Edwardian Fashion Inspiration

I adore the Edwardian era. Absolutely ADORE it. BTW, for definition sake, the Edwardian era was the period between 1901-1910 when King Edward VII of England ruled. But a lot of historians and vintage sellers extend the Edwardian era into the 1910s. So for this blog post, I’m considering into the teens still Edwardian.

Moving on…

I see images of women from the 1900s-1910s and just find them all to be so beautiful, ethereal, and idyllic. While I sometimes wish we could go back to wearing such beautiful romantic styles, it’s not very realistic. I imagine when you’re dressed as dreamily as this the only thing you can do is needlework, drink copious amounts of tea, write letters using quill and ink, and sit around trying not to damage your delicate frock.

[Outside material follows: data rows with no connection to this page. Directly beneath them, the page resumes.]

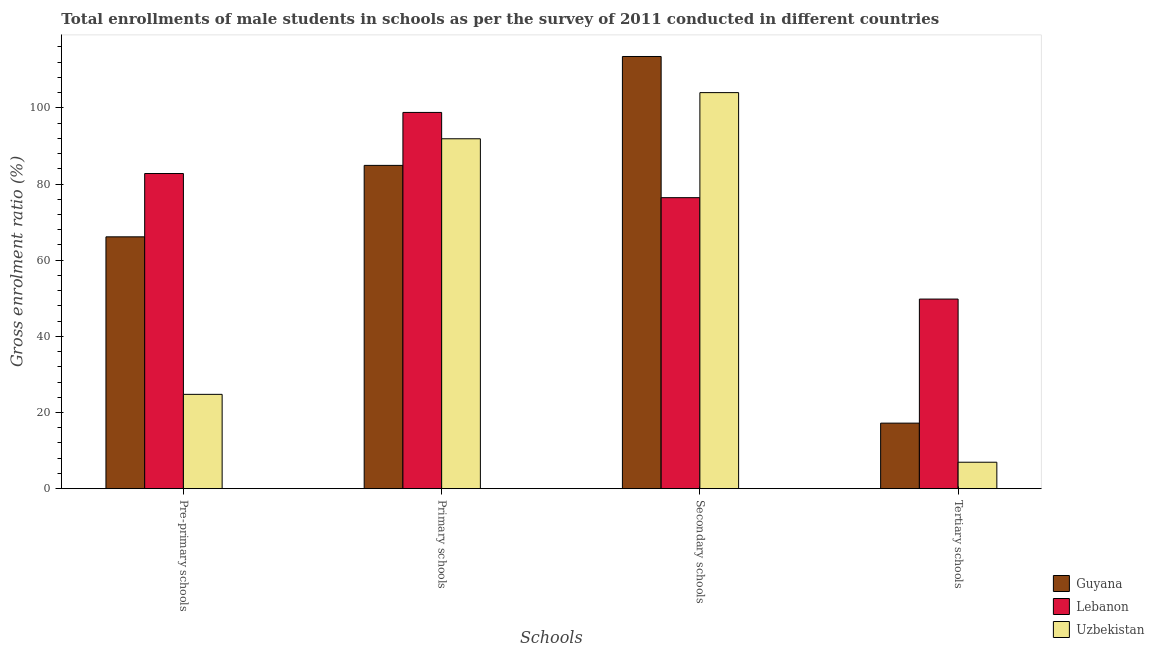How many different coloured bars are there?
Give a very brief answer. 3. Are the number of bars per tick equal to the number of legend labels?
Offer a very short reply. Yes. How many bars are there on the 3rd tick from the left?
Provide a succinct answer. 3. What is the label of the 3rd group of bars from the left?
Your response must be concise. Secondary schools. What is the gross enrolment ratio(male) in primary schools in Guyana?
Offer a terse response. 84.9. Across all countries, what is the maximum gross enrolment ratio(male) in pre-primary schools?
Keep it short and to the point. 82.76. Across all countries, what is the minimum gross enrolment ratio(male) in pre-primary schools?
Your answer should be very brief. 24.77. In which country was the gross enrolment ratio(male) in secondary schools maximum?
Make the answer very short. Guyana. In which country was the gross enrolment ratio(male) in secondary schools minimum?
Provide a succinct answer. Lebanon. What is the total gross enrolment ratio(male) in tertiary schools in the graph?
Provide a short and direct response. 73.95. What is the difference between the gross enrolment ratio(male) in secondary schools in Uzbekistan and that in Guyana?
Give a very brief answer. -9.49. What is the difference between the gross enrolment ratio(male) in primary schools in Uzbekistan and the gross enrolment ratio(male) in tertiary schools in Guyana?
Your response must be concise. 74.67. What is the average gross enrolment ratio(male) in pre-primary schools per country?
Keep it short and to the point. 57.89. What is the difference between the gross enrolment ratio(male) in pre-primary schools and gross enrolment ratio(male) in secondary schools in Lebanon?
Provide a succinct answer. 6.34. In how many countries, is the gross enrolment ratio(male) in secondary schools greater than 68 %?
Keep it short and to the point. 3. What is the ratio of the gross enrolment ratio(male) in secondary schools in Guyana to that in Uzbekistan?
Ensure brevity in your answer.  1.09. Is the gross enrolment ratio(male) in secondary schools in Lebanon less than that in Uzbekistan?
Provide a succinct answer. Yes. Is the difference between the gross enrolment ratio(male) in secondary schools in Uzbekistan and Lebanon greater than the difference between the gross enrolment ratio(male) in pre-primary schools in Uzbekistan and Lebanon?
Provide a succinct answer. Yes. What is the difference between the highest and the second highest gross enrolment ratio(male) in primary schools?
Provide a succinct answer. 6.92. What is the difference between the highest and the lowest gross enrolment ratio(male) in pre-primary schools?
Provide a succinct answer. 57.99. What does the 1st bar from the left in Pre-primary schools represents?
Your response must be concise. Guyana. What does the 2nd bar from the right in Tertiary schools represents?
Give a very brief answer. Lebanon. How many countries are there in the graph?
Ensure brevity in your answer.  3. What is the difference between two consecutive major ticks on the Y-axis?
Offer a very short reply. 20. Are the values on the major ticks of Y-axis written in scientific E-notation?
Give a very brief answer. No. Does the graph contain any zero values?
Make the answer very short. No. Does the graph contain grids?
Make the answer very short. No. Where does the legend appear in the graph?
Make the answer very short. Bottom right. What is the title of the graph?
Your answer should be compact. Total enrollments of male students in schools as per the survey of 2011 conducted in different countries. What is the label or title of the X-axis?
Ensure brevity in your answer.  Schools. What is the Gross enrolment ratio (%) in Guyana in Pre-primary schools?
Ensure brevity in your answer.  66.13. What is the Gross enrolment ratio (%) of Lebanon in Pre-primary schools?
Your answer should be very brief. 82.76. What is the Gross enrolment ratio (%) of Uzbekistan in Pre-primary schools?
Provide a succinct answer. 24.77. What is the Gross enrolment ratio (%) of Guyana in Primary schools?
Your response must be concise. 84.9. What is the Gross enrolment ratio (%) of Lebanon in Primary schools?
Offer a very short reply. 98.8. What is the Gross enrolment ratio (%) of Uzbekistan in Primary schools?
Ensure brevity in your answer.  91.88. What is the Gross enrolment ratio (%) in Guyana in Secondary schools?
Provide a succinct answer. 113.49. What is the Gross enrolment ratio (%) of Lebanon in Secondary schools?
Offer a very short reply. 76.42. What is the Gross enrolment ratio (%) of Uzbekistan in Secondary schools?
Ensure brevity in your answer.  104. What is the Gross enrolment ratio (%) of Guyana in Tertiary schools?
Provide a succinct answer. 17.21. What is the Gross enrolment ratio (%) in Lebanon in Tertiary schools?
Keep it short and to the point. 49.79. What is the Gross enrolment ratio (%) of Uzbekistan in Tertiary schools?
Give a very brief answer. 6.95. Across all Schools, what is the maximum Gross enrolment ratio (%) in Guyana?
Ensure brevity in your answer.  113.49. Across all Schools, what is the maximum Gross enrolment ratio (%) of Lebanon?
Offer a terse response. 98.8. Across all Schools, what is the maximum Gross enrolment ratio (%) in Uzbekistan?
Offer a very short reply. 104. Across all Schools, what is the minimum Gross enrolment ratio (%) in Guyana?
Keep it short and to the point. 17.21. Across all Schools, what is the minimum Gross enrolment ratio (%) in Lebanon?
Offer a terse response. 49.79. Across all Schools, what is the minimum Gross enrolment ratio (%) of Uzbekistan?
Your answer should be very brief. 6.95. What is the total Gross enrolment ratio (%) in Guyana in the graph?
Keep it short and to the point. 281.73. What is the total Gross enrolment ratio (%) in Lebanon in the graph?
Provide a succinct answer. 307.77. What is the total Gross enrolment ratio (%) in Uzbekistan in the graph?
Make the answer very short. 227.6. What is the difference between the Gross enrolment ratio (%) of Guyana in Pre-primary schools and that in Primary schools?
Offer a very short reply. -18.76. What is the difference between the Gross enrolment ratio (%) in Lebanon in Pre-primary schools and that in Primary schools?
Provide a succinct answer. -16.04. What is the difference between the Gross enrolment ratio (%) of Uzbekistan in Pre-primary schools and that in Primary schools?
Offer a terse response. -67.11. What is the difference between the Gross enrolment ratio (%) in Guyana in Pre-primary schools and that in Secondary schools?
Provide a succinct answer. -47.36. What is the difference between the Gross enrolment ratio (%) in Lebanon in Pre-primary schools and that in Secondary schools?
Offer a terse response. 6.34. What is the difference between the Gross enrolment ratio (%) of Uzbekistan in Pre-primary schools and that in Secondary schools?
Your answer should be very brief. -79.23. What is the difference between the Gross enrolment ratio (%) of Guyana in Pre-primary schools and that in Tertiary schools?
Offer a terse response. 48.92. What is the difference between the Gross enrolment ratio (%) of Lebanon in Pre-primary schools and that in Tertiary schools?
Keep it short and to the point. 32.97. What is the difference between the Gross enrolment ratio (%) in Uzbekistan in Pre-primary schools and that in Tertiary schools?
Make the answer very short. 17.82. What is the difference between the Gross enrolment ratio (%) in Guyana in Primary schools and that in Secondary schools?
Ensure brevity in your answer.  -28.59. What is the difference between the Gross enrolment ratio (%) of Lebanon in Primary schools and that in Secondary schools?
Your answer should be compact. 22.38. What is the difference between the Gross enrolment ratio (%) of Uzbekistan in Primary schools and that in Secondary schools?
Your answer should be compact. -12.12. What is the difference between the Gross enrolment ratio (%) of Guyana in Primary schools and that in Tertiary schools?
Give a very brief answer. 67.69. What is the difference between the Gross enrolment ratio (%) of Lebanon in Primary schools and that in Tertiary schools?
Provide a succinct answer. 49.01. What is the difference between the Gross enrolment ratio (%) of Uzbekistan in Primary schools and that in Tertiary schools?
Make the answer very short. 84.94. What is the difference between the Gross enrolment ratio (%) in Guyana in Secondary schools and that in Tertiary schools?
Ensure brevity in your answer.  96.28. What is the difference between the Gross enrolment ratio (%) of Lebanon in Secondary schools and that in Tertiary schools?
Your answer should be compact. 26.63. What is the difference between the Gross enrolment ratio (%) in Uzbekistan in Secondary schools and that in Tertiary schools?
Provide a short and direct response. 97.06. What is the difference between the Gross enrolment ratio (%) of Guyana in Pre-primary schools and the Gross enrolment ratio (%) of Lebanon in Primary schools?
Your answer should be compact. -32.67. What is the difference between the Gross enrolment ratio (%) in Guyana in Pre-primary schools and the Gross enrolment ratio (%) in Uzbekistan in Primary schools?
Provide a succinct answer. -25.75. What is the difference between the Gross enrolment ratio (%) in Lebanon in Pre-primary schools and the Gross enrolment ratio (%) in Uzbekistan in Primary schools?
Offer a very short reply. -9.12. What is the difference between the Gross enrolment ratio (%) of Guyana in Pre-primary schools and the Gross enrolment ratio (%) of Lebanon in Secondary schools?
Your answer should be compact. -10.28. What is the difference between the Gross enrolment ratio (%) in Guyana in Pre-primary schools and the Gross enrolment ratio (%) in Uzbekistan in Secondary schools?
Give a very brief answer. -37.87. What is the difference between the Gross enrolment ratio (%) of Lebanon in Pre-primary schools and the Gross enrolment ratio (%) of Uzbekistan in Secondary schools?
Offer a very short reply. -21.24. What is the difference between the Gross enrolment ratio (%) of Guyana in Pre-primary schools and the Gross enrolment ratio (%) of Lebanon in Tertiary schools?
Offer a terse response. 16.34. What is the difference between the Gross enrolment ratio (%) in Guyana in Pre-primary schools and the Gross enrolment ratio (%) in Uzbekistan in Tertiary schools?
Your answer should be very brief. 59.19. What is the difference between the Gross enrolment ratio (%) of Lebanon in Pre-primary schools and the Gross enrolment ratio (%) of Uzbekistan in Tertiary schools?
Offer a very short reply. 75.81. What is the difference between the Gross enrolment ratio (%) of Guyana in Primary schools and the Gross enrolment ratio (%) of Lebanon in Secondary schools?
Your response must be concise. 8.48. What is the difference between the Gross enrolment ratio (%) of Guyana in Primary schools and the Gross enrolment ratio (%) of Uzbekistan in Secondary schools?
Offer a very short reply. -19.11. What is the difference between the Gross enrolment ratio (%) in Lebanon in Primary schools and the Gross enrolment ratio (%) in Uzbekistan in Secondary schools?
Offer a very short reply. -5.2. What is the difference between the Gross enrolment ratio (%) of Guyana in Primary schools and the Gross enrolment ratio (%) of Lebanon in Tertiary schools?
Offer a terse response. 35.11. What is the difference between the Gross enrolment ratio (%) of Guyana in Primary schools and the Gross enrolment ratio (%) of Uzbekistan in Tertiary schools?
Ensure brevity in your answer.  77.95. What is the difference between the Gross enrolment ratio (%) of Lebanon in Primary schools and the Gross enrolment ratio (%) of Uzbekistan in Tertiary schools?
Offer a terse response. 91.85. What is the difference between the Gross enrolment ratio (%) of Guyana in Secondary schools and the Gross enrolment ratio (%) of Lebanon in Tertiary schools?
Offer a very short reply. 63.7. What is the difference between the Gross enrolment ratio (%) of Guyana in Secondary schools and the Gross enrolment ratio (%) of Uzbekistan in Tertiary schools?
Make the answer very short. 106.54. What is the difference between the Gross enrolment ratio (%) in Lebanon in Secondary schools and the Gross enrolment ratio (%) in Uzbekistan in Tertiary schools?
Provide a succinct answer. 69.47. What is the average Gross enrolment ratio (%) of Guyana per Schools?
Your answer should be very brief. 70.43. What is the average Gross enrolment ratio (%) in Lebanon per Schools?
Provide a succinct answer. 76.94. What is the average Gross enrolment ratio (%) of Uzbekistan per Schools?
Your answer should be very brief. 56.9. What is the difference between the Gross enrolment ratio (%) in Guyana and Gross enrolment ratio (%) in Lebanon in Pre-primary schools?
Your answer should be compact. -16.62. What is the difference between the Gross enrolment ratio (%) in Guyana and Gross enrolment ratio (%) in Uzbekistan in Pre-primary schools?
Provide a short and direct response. 41.37. What is the difference between the Gross enrolment ratio (%) in Lebanon and Gross enrolment ratio (%) in Uzbekistan in Pre-primary schools?
Provide a succinct answer. 57.99. What is the difference between the Gross enrolment ratio (%) in Guyana and Gross enrolment ratio (%) in Lebanon in Primary schools?
Your answer should be compact. -13.9. What is the difference between the Gross enrolment ratio (%) in Guyana and Gross enrolment ratio (%) in Uzbekistan in Primary schools?
Make the answer very short. -6.99. What is the difference between the Gross enrolment ratio (%) in Lebanon and Gross enrolment ratio (%) in Uzbekistan in Primary schools?
Offer a terse response. 6.92. What is the difference between the Gross enrolment ratio (%) in Guyana and Gross enrolment ratio (%) in Lebanon in Secondary schools?
Make the answer very short. 37.07. What is the difference between the Gross enrolment ratio (%) in Guyana and Gross enrolment ratio (%) in Uzbekistan in Secondary schools?
Your answer should be very brief. 9.49. What is the difference between the Gross enrolment ratio (%) of Lebanon and Gross enrolment ratio (%) of Uzbekistan in Secondary schools?
Make the answer very short. -27.59. What is the difference between the Gross enrolment ratio (%) of Guyana and Gross enrolment ratio (%) of Lebanon in Tertiary schools?
Your answer should be compact. -32.58. What is the difference between the Gross enrolment ratio (%) of Guyana and Gross enrolment ratio (%) of Uzbekistan in Tertiary schools?
Your response must be concise. 10.26. What is the difference between the Gross enrolment ratio (%) of Lebanon and Gross enrolment ratio (%) of Uzbekistan in Tertiary schools?
Offer a terse response. 42.84. What is the ratio of the Gross enrolment ratio (%) of Guyana in Pre-primary schools to that in Primary schools?
Your answer should be very brief. 0.78. What is the ratio of the Gross enrolment ratio (%) of Lebanon in Pre-primary schools to that in Primary schools?
Provide a short and direct response. 0.84. What is the ratio of the Gross enrolment ratio (%) in Uzbekistan in Pre-primary schools to that in Primary schools?
Provide a succinct answer. 0.27. What is the ratio of the Gross enrolment ratio (%) of Guyana in Pre-primary schools to that in Secondary schools?
Ensure brevity in your answer.  0.58. What is the ratio of the Gross enrolment ratio (%) in Lebanon in Pre-primary schools to that in Secondary schools?
Keep it short and to the point. 1.08. What is the ratio of the Gross enrolment ratio (%) of Uzbekistan in Pre-primary schools to that in Secondary schools?
Your answer should be compact. 0.24. What is the ratio of the Gross enrolment ratio (%) in Guyana in Pre-primary schools to that in Tertiary schools?
Ensure brevity in your answer.  3.84. What is the ratio of the Gross enrolment ratio (%) of Lebanon in Pre-primary schools to that in Tertiary schools?
Your response must be concise. 1.66. What is the ratio of the Gross enrolment ratio (%) of Uzbekistan in Pre-primary schools to that in Tertiary schools?
Ensure brevity in your answer.  3.57. What is the ratio of the Gross enrolment ratio (%) in Guyana in Primary schools to that in Secondary schools?
Your answer should be compact. 0.75. What is the ratio of the Gross enrolment ratio (%) in Lebanon in Primary schools to that in Secondary schools?
Offer a terse response. 1.29. What is the ratio of the Gross enrolment ratio (%) in Uzbekistan in Primary schools to that in Secondary schools?
Provide a short and direct response. 0.88. What is the ratio of the Gross enrolment ratio (%) of Guyana in Primary schools to that in Tertiary schools?
Offer a terse response. 4.93. What is the ratio of the Gross enrolment ratio (%) in Lebanon in Primary schools to that in Tertiary schools?
Your answer should be very brief. 1.98. What is the ratio of the Gross enrolment ratio (%) of Uzbekistan in Primary schools to that in Tertiary schools?
Your answer should be very brief. 13.23. What is the ratio of the Gross enrolment ratio (%) of Guyana in Secondary schools to that in Tertiary schools?
Offer a very short reply. 6.59. What is the ratio of the Gross enrolment ratio (%) in Lebanon in Secondary schools to that in Tertiary schools?
Keep it short and to the point. 1.53. What is the ratio of the Gross enrolment ratio (%) of Uzbekistan in Secondary schools to that in Tertiary schools?
Your answer should be compact. 14.97. What is the difference between the highest and the second highest Gross enrolment ratio (%) of Guyana?
Your answer should be compact. 28.59. What is the difference between the highest and the second highest Gross enrolment ratio (%) of Lebanon?
Keep it short and to the point. 16.04. What is the difference between the highest and the second highest Gross enrolment ratio (%) of Uzbekistan?
Make the answer very short. 12.12. What is the difference between the highest and the lowest Gross enrolment ratio (%) in Guyana?
Make the answer very short. 96.28. What is the difference between the highest and the lowest Gross enrolment ratio (%) of Lebanon?
Ensure brevity in your answer.  49.01. What is the difference between the highest and the lowest Gross enrolment ratio (%) in Uzbekistan?
Provide a succinct answer. 97.06.

It sure is lovely to look at though.

Edwardian Fashion Inspiration

This is what I would wear if I was a gentlewoman of considerable means and it’s Saturday.

Edwardian Fashion Inspiration

 Oh goodness, look at this gown! This gown of silk and lace dates to  early 1900s. The color is so stunning, like a sage gold! And the lace work with the pink on the roses. And don’t get me started on those sheer scalloped sleeves with the bead trim! I just imagine how one would have to walk in this dress. I suppose you would just have to slowly glide about imagining you’re a fairy of some sort. I know I would.

Edwardian Fashion Inspiration

Oh God! Look at that LACE! Do you SEE that LACE?! I don’t even know what kind of lace that is. Battenburg? Who knows. Who really cares. It’s stunnnnnnning. (source)

Edwardian Fashion Inspiration

Halloween costumes of the Edwardian era? Or just your typical weekend garb to a themed dinner party? Doesn’t matter. I want to wear it. (source)

Edwardian Fashion Inspiration

Silk satin gown in one of my favorite colors ever. And look at the fur trim. It’s basically your winter dress. You will freeze to death. BUT you will look splendid. (source)

Edwardian shoes

Even the shoes were super fancy and girly. Gold metallic thread on silk with gold ribbon laces. OBVIOUSLY. (source)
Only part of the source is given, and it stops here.